__THE PROBLEM__: Could you output each record below exactly as it stands and leave the pictures out?

Records excerpted from a collection:
• • • •
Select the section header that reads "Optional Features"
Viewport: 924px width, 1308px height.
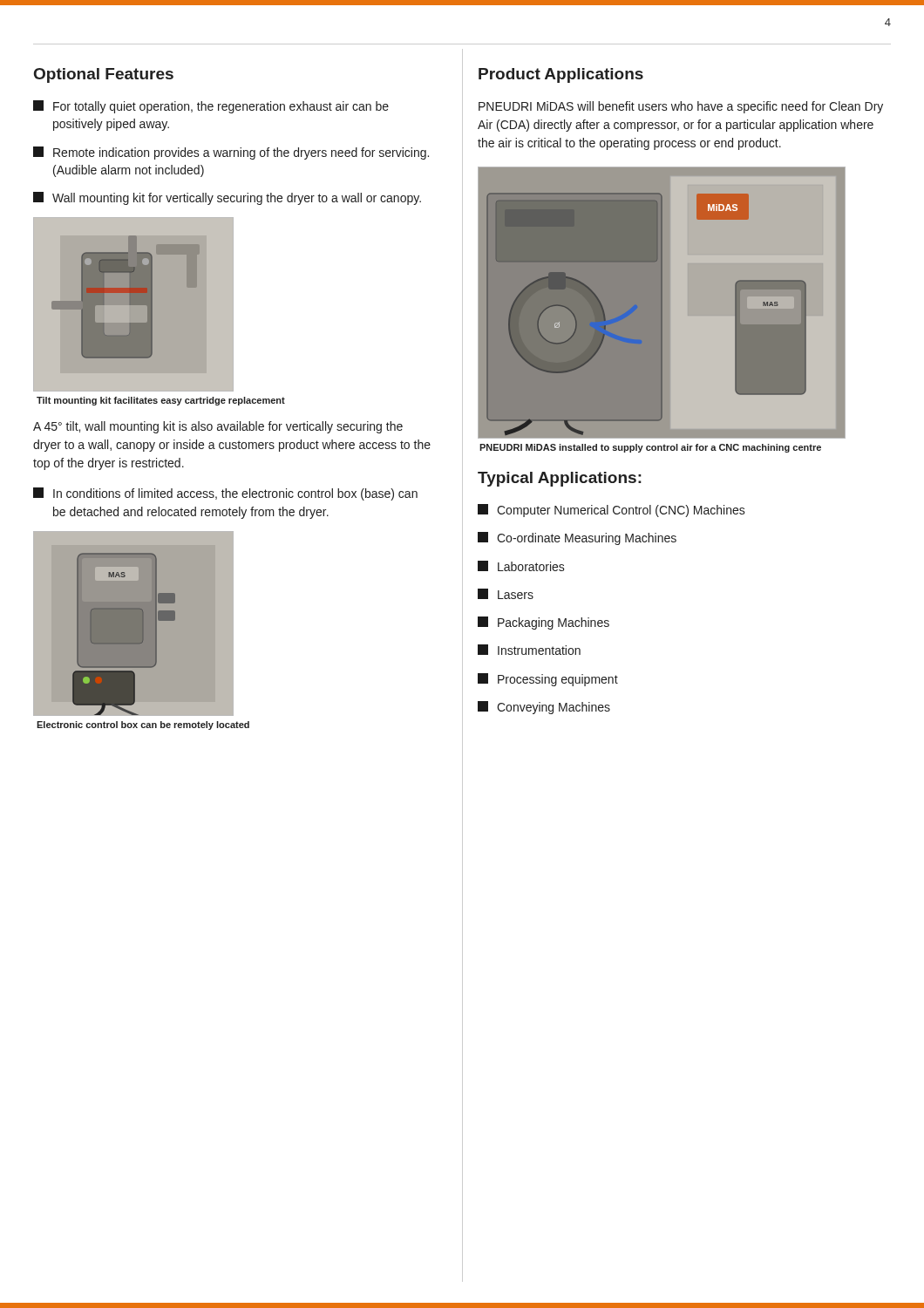pyautogui.click(x=103, y=74)
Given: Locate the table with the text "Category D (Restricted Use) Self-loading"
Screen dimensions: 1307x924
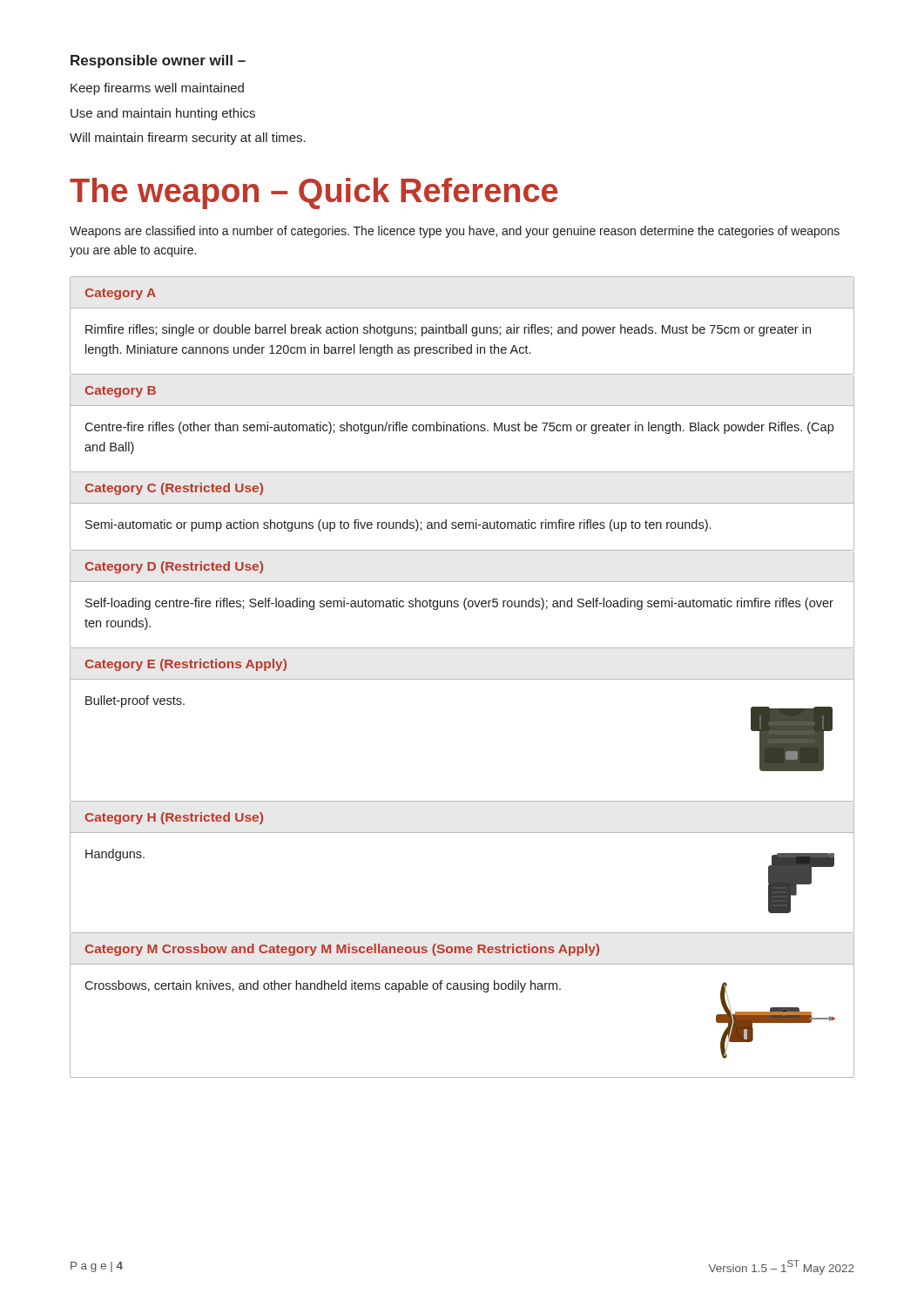Looking at the screenshot, I should tap(462, 599).
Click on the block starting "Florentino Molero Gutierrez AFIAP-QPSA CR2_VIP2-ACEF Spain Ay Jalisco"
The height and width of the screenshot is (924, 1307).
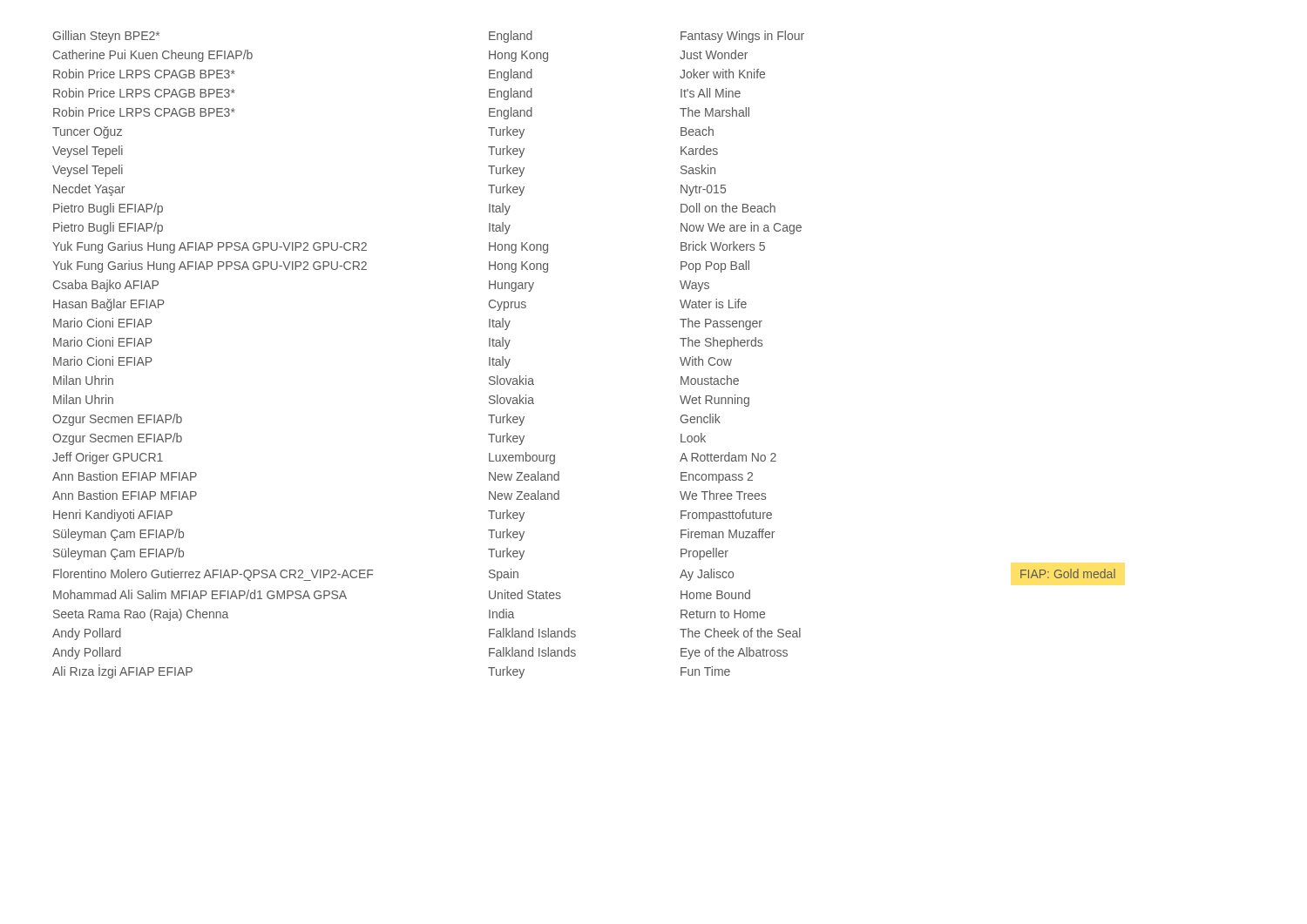point(216,574)
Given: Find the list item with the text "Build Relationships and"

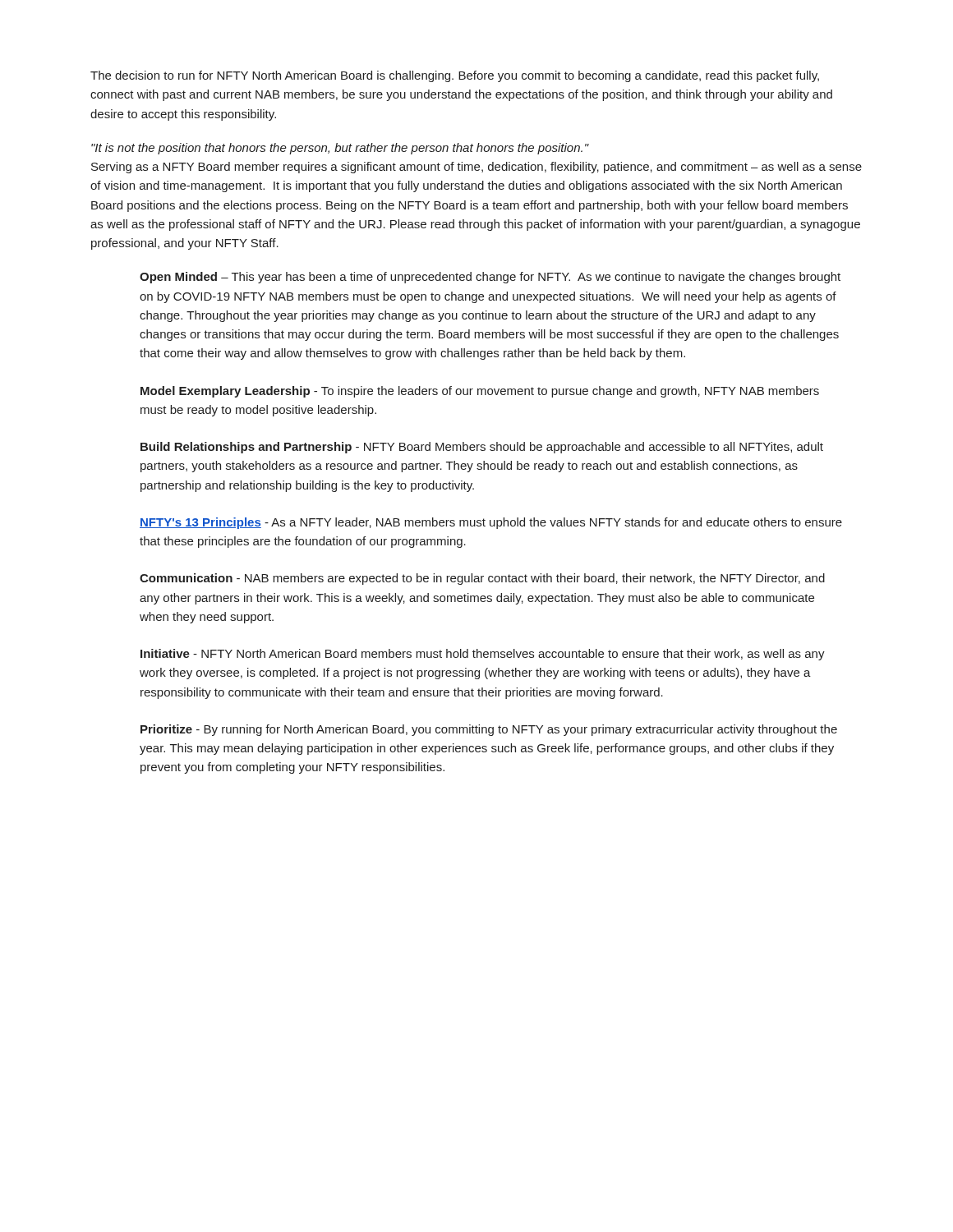Looking at the screenshot, I should click(493, 466).
• • • •
__EXERCISE ANSWER__:
Select the section header that reads "Optional Features"
Viewport: 924px width, 1308px height.
pyautogui.click(x=103, y=74)
Given: Locate the table with the text "Category D (Restricted Use) Self-loading"
Screen dimensions: 1307x924
Looking at the screenshot, I should tap(462, 599).
Click on the block starting "Florentino Molero Gutierrez AFIAP-QPSA CR2_VIP2-ACEF Spain Ay Jalisco"
The height and width of the screenshot is (924, 1307).
point(216,574)
Given: Find the list item with the text "Build Relationships and"

Looking at the screenshot, I should click(493, 466).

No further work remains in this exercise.